Musicians compose, sing, or play music. They might perform solo or as part of a group. They perform in sound studios and on stage. They also perform on television and in movies. Some musicians go on concert tours, traveling all over the United States and the world. However, not all their time is spent performing for audiences. Musicians and singers also spend a lot of time practicing and rehearsing. Other music jobs include music directors who might lead choirs and other musical groups. Arrangers change the style of music by turning a country song into a rock and roll song, for example. Composers create new music.
Pay: Earnings depend on how popular a performer is.

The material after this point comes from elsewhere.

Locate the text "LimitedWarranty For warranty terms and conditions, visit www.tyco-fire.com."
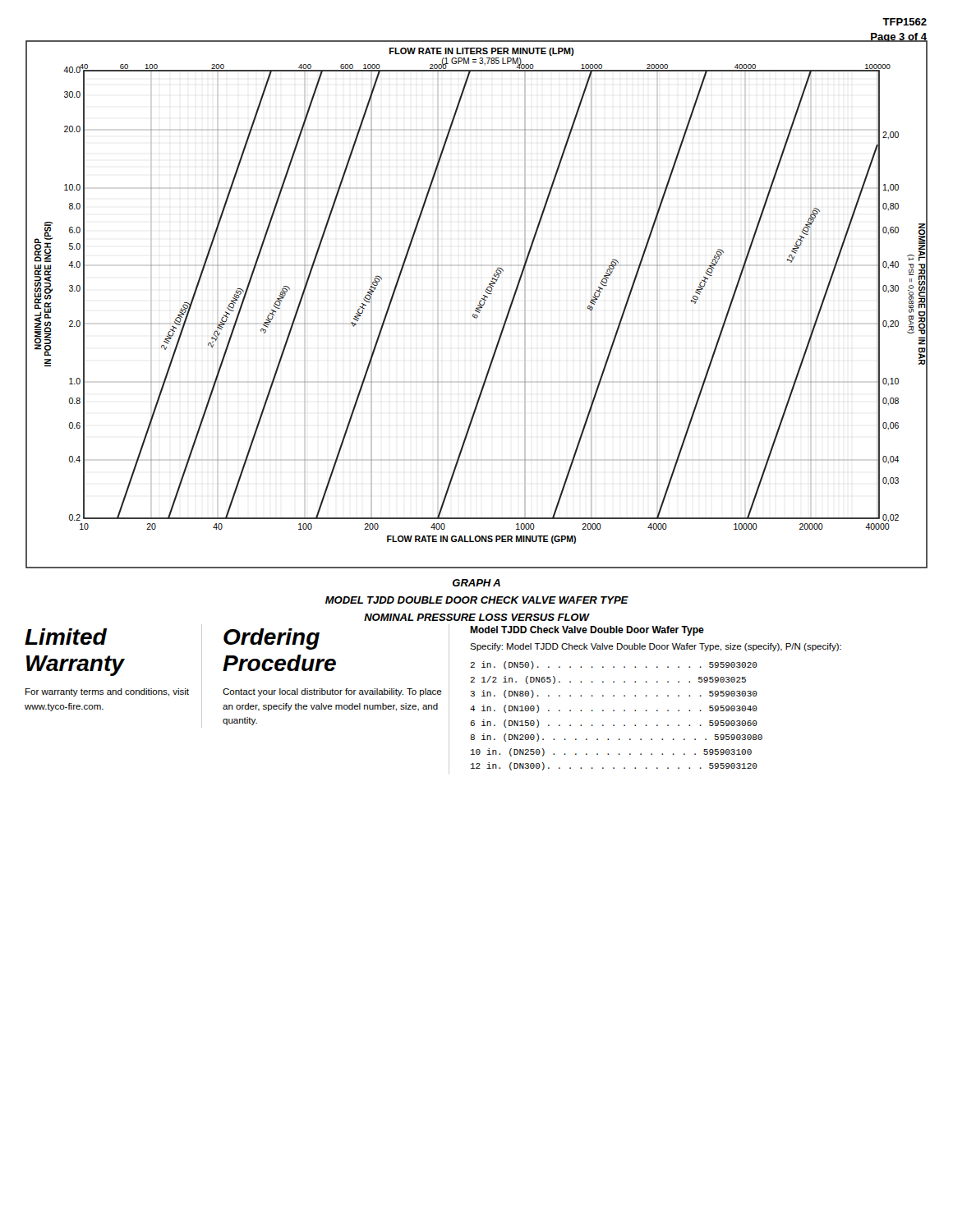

But musicians often have to hold down other jobs while they're building their careers.About 50 percent of musicians, singers, and related workers work for themselves. They are usually paid for each performance or recording. Their earnings vary greatly and depend on how many jobs they can get. Other musicians, singers, and related workers work for organizations for a set amount of pay. In May of 2008, these musicians had average hourly wages of $28.28.
Training: You need musical talent to be a musician or singer. People who become musicians often learn how to play an instrument at an early age. Some of the most popular instruments are the guitar, piano, and drums. It helps any musician to learn to play more than one instrument. Many songwriters now write music on computers, so technical skills are handy. Also, skills in choreography or dancing are sometimes useful for musicians. To start getting ready for this job, you could join a school band or choir or perform in a school musical. Many community centers and art centers also have bands or choirs. You could also sing or play music with friends. It helps to take every chance to appear in front of people. You may be able to perform at parties or other events. Musicians and singers have to be comfortable performing on stage in front of lots of people.